I wait silently for a moment for my next visitor, after a while when no one appears I stand up and walk as close to the door as I can without raising suspicion from the Peacekeeper guarding me.. "Grandma?" I call as I peer out of the door. "You can come in now."

She walks in a few seconds later, her walking stick looking like it's there for fashion, rather than her inability to walk without it. I can't help the small smile spreads across my face when I see the woman who practically raised me. Unlike Cora and Harley, Grandma doesn't say anything. The room is filled with a peaceful silence that brings the reality of the situation crashing down on me. She doesn't cry like Harley or Cora, but instead engages me in a fierce hug with strength that I didn't know that her frail bones possessed. It's when I see her that I finally break down.

I don't know how long we stand there, me leaning down on her shoulder and crying my heart out, but it's exactly what I needed from her.

"Don't cry," is the first thing that she says to me. Her voice is steady as she pats my head soothingly. "You just need to be strong Adelina. You're smart, remember that, you can find a way to get out."

Oh God, she's going to be all on her own, seems to be all I'm capable of thinking. I'm the last one she has left, and I'm leaving her.

"I'm going to die." I mumble, a statement of fact, before pulling away from her shoulder. "Grandma, I'm going to die." I can feel my voice break at the end, hysteria creeping in.

"Oh hush, don't talk like that." Grandma scolds wiping away the tears from my eyes. I notice that she doesn't deny it.

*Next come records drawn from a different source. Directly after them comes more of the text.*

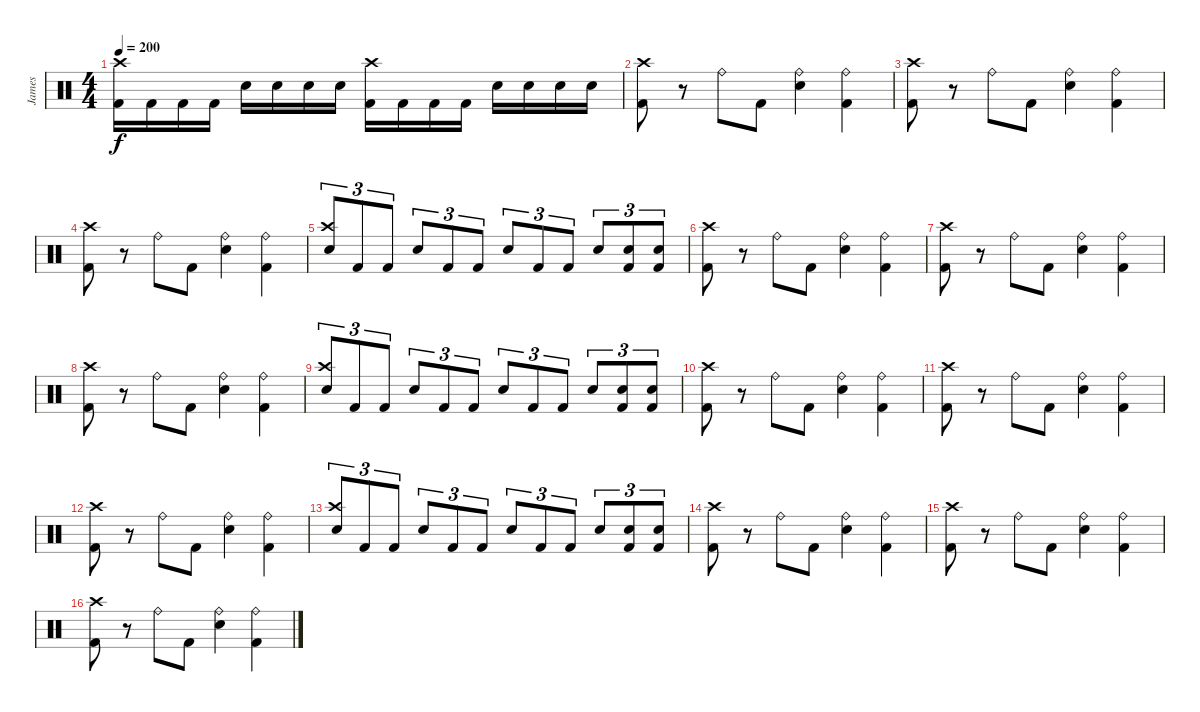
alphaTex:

\track ("James" "James") {instrument percussion}
\staff {score}
\articulation defaults
\ts (4 4)
\tempo 200
\clef neutral
\ks c
("Kick (hit) 2" "Crash high (hit)").16{dy f} "Kick (hit) 2".16 "Kick (hit) 2".16 "Kick (hit) 2".16 "Electric Snare (hit)".16 "Electric Snare (hit)".16 "Electric Snare (hit)".16 "Electric Snare (hit)".16 ("Kick (hit) 2" "Crash high (hit)").16 "Kick (hit) 2".16 "Kick (hit) 2".16 "Kick (hit) 2".16 "Electric Snare (hit)".16 "Electric Snare (hit)".16 "Electric Snare (hit)".16 "Electric Snare (hit)".16 |
("Crash high (hit)" "Kick (hit) 2").8 r.8 "Ride (bell)".8 "Kick (hit) 2".8 ("Ride (bell)" "Electric Snare (hit)").4 ("Ride (bell)" "Kick (hit) 2").4 |
("Crash high (hit)" "Kick (hit) 2").8 r.8 "Ride (bell)".8 "Kick (hit) 2".8 ("Ride (bell)" "Electric Snare (hit)").4 ("Ride (bell)" "Kick (hit) 2").4 |
("Crash high (hit)" "Kick (hit) 2").8 r.8 "Ride (bell)".8 "Kick (hit) 2".8 ("Ride (bell)" "Electric Snare (hit)").4 ("Ride (bell)" "Kick (hit) 2").4 |
("Electric Snare (hit)" "Crash high (hit)").8{tu (3 2) beam Up} "Kick (hit) 2".8{tu (3 2)} "Kick (hit) 2".8{tu (3 2)} "Electric Snare (hit)".8{tu (3 2) beam Up} "Kick (hit) 2".8{tu (3 2)} "Kick (hit) 2".8{tu (3 2)} "Electric Snare (hit)".8{tu (3 2) beam Up} "Kick (hit) 2".8{tu (3 2)} "Kick (hit) 2".8{tu (3 2)} "Electric Snare (hit)".8{tu (3 2) beam Up} ("Kick (hit) 2" "Electric Snare (hit)").8{tu (3 2)} ("Electric Snare (hit)" "Kick (hit) 2").8{tu (3 2)} |
("Crash high (hit)" "Kick (hit) 2").8 r.8 "Ride (bell)".8 "Kick (hit) 2".8 ("Ride (bell)" "Electric Snare (hit)").4 ("Ride (bell)" "Kick (hit) 2").4 |
("Crash high (hit)" "Kick (hit) 2").8 r.8 "Ride (bell)".8 "Kick (hit) 2".8 ("Ride (bell)" "Electric Snare (hit)").4 ("Ride (bell)" "Kick (hit) 2").4 |
("Crash high (hit)" "Kick (hit) 2").8 r.8 "Ride (bell)".8 "Kick (hit) 2".8 ("Ride (bell)" "Electric Snare (hit)").4 ("Ride (bell)" "Kick (hit) 2").4 |
("Electric Snare (hit)" "Crash high (hit)").8{tu (3 2) beam Up} "Kick (hit) 2".8{tu (3 2)} "Kick (hit) 2".8{tu (3 2)} "Electric Snare (hit)".8{tu (3 2) beam Up} "Kick (hit) 2".8{tu (3 2)} "Kick (hit) 2".8{tu (3 2)} "Electric Snare (hit)".8{tu (3 2) beam Up} "Kick (hit) 2".8{tu (3 2)} "Kick (hit) 2".8{tu (3 2)} "Electric Snare (hit)".8{tu (3 2) beam Up} ("Kick (hit) 2" "Electric Snare (hit)").8{tu (3 2)} ("Electric Snare (hit)" "Kick (hit) 2").8{tu (3 2)} |
("Crash high (hit)" "Kick (hit) 2").8 r.8 "Ride (bell)".8 "Kick (hit) 2".8 ("Ride (bell)" "Electric Snare (hit)").4 ("Ride (bell)" "Kick (hit) 2").4 |
("Crash high (hit)" "Kick (hit) 2").8 r.8 "Ride (bell)".8 "Kick (hit) 2".8 ("Ride (bell)" "Electric Snare (hit)").4 ("Ride (bell)" "Kick (hit) 2").4 |
("Crash high (hit)" "Kick (hit) 2").8 r.8 "Ride (bell)".8 "Kick (hit) 2".8 ("Ride (bell)" "Electric Snare (hit)").4 ("Ride (bell)" "Kick (hit) 2").4 |
("Electric Snare (hit)" "Crash high (hit)").8{tu (3 2) beam Up} "Kick (hit) 2".8{tu (3 2)} "Kick (hit) 2".8{tu (3 2)} "Electric Snare (hit)".8{tu (3 2) beam Up} "Kick (hit) 2".8{tu (3 2)} "Kick (hit) 2".8{tu (3 2)} "Electric Snare (hit)".8{tu (3 2) beam Up} "Kick (hit) 2".8{tu (3 2)} "Kick (hit) 2".8{tu (3 2)} "Electric Snare (hit)".8{tu (3 2) beam Up} ("Kick (hit) 2" "Electric Snare (hit)").8{tu (3 2)} ("Electric Snare (hit)" "Kick (hit) 2").8{tu (3 2)} |
("Crash high (hit)" "Kick (hit) 2").8 r.8 "Ride (bell)".8 "Kick (hit) 2".8 ("Ride (bell)" "Electric Snare (hit)").4 ("Ride (bell)" "Kick (hit) 2").4 |
("Crash high (hit)" "Kick (hit) 2").8 r.8 "Ride (bell)".8 "Kick (hit) 2".8 ("Ride (bell)" "Electric Snare (hit)").4 ("Ride (bell)" "Kick (hit) 2").4 |
("Crash high (hit)" "Kick (hit) 2").8 r.8 "Ride (bell)".8 "Kick (hit) 2".8 ("Ride (bell)" "Electric Snare (hit)").4 ("Ride (bell)" "Kick (hit) 2").4

A sharp knock on the door from the Peacekeeper outside signals the end of our time. Quick as lightning, my Grandma pulls me back down to her height. "You be strong Adelina," she tells me, grabbing my hand and discreetly passing me something wrapped in cloth before giving me a final nod of approval and leaving.

As the door closes behind her I just manage to pick up the rest of what she was saying.

"You'll do good."

I suppose that 'doing good' is the best that I'll be able to hope for.